***** LISTED ENTRIES
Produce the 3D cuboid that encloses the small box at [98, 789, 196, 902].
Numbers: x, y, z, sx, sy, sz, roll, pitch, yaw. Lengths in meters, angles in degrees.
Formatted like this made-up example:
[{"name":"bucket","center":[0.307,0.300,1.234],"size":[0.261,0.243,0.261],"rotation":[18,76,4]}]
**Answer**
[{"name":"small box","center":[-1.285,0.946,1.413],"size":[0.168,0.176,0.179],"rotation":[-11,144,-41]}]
**********
***** LISTED ENTRIES
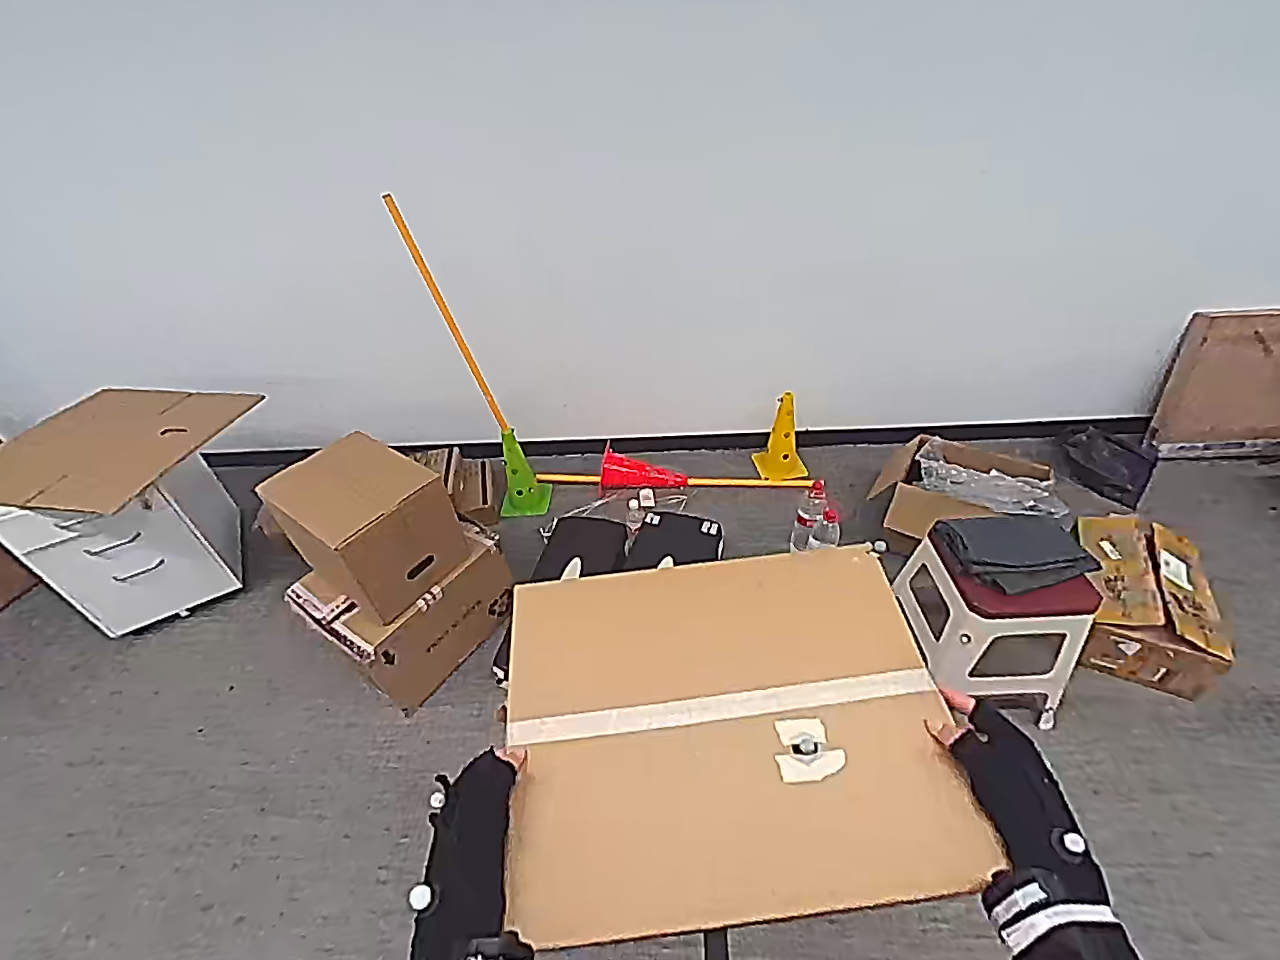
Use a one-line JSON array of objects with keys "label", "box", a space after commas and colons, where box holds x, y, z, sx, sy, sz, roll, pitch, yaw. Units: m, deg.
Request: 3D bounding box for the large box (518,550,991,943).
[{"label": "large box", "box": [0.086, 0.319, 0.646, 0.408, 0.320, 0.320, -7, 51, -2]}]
**********
***** LISTED ENTRIES
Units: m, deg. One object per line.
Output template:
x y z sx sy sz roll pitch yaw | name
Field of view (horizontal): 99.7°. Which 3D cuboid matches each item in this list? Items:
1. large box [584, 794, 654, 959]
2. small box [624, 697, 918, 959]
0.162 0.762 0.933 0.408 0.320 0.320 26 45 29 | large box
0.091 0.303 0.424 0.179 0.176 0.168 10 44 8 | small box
**********
**TO DO:** Lines of the material may hold the string "Units". Copy each one that does.

**SOLUTION:**
Use a one-line JSON array of objects with keys "label", "box", a space after commas and colons, where box holds x, y, z, sx, sy, sz, roll, pitch, yaw. Units: m, deg.
Units: m, deg. One object per line.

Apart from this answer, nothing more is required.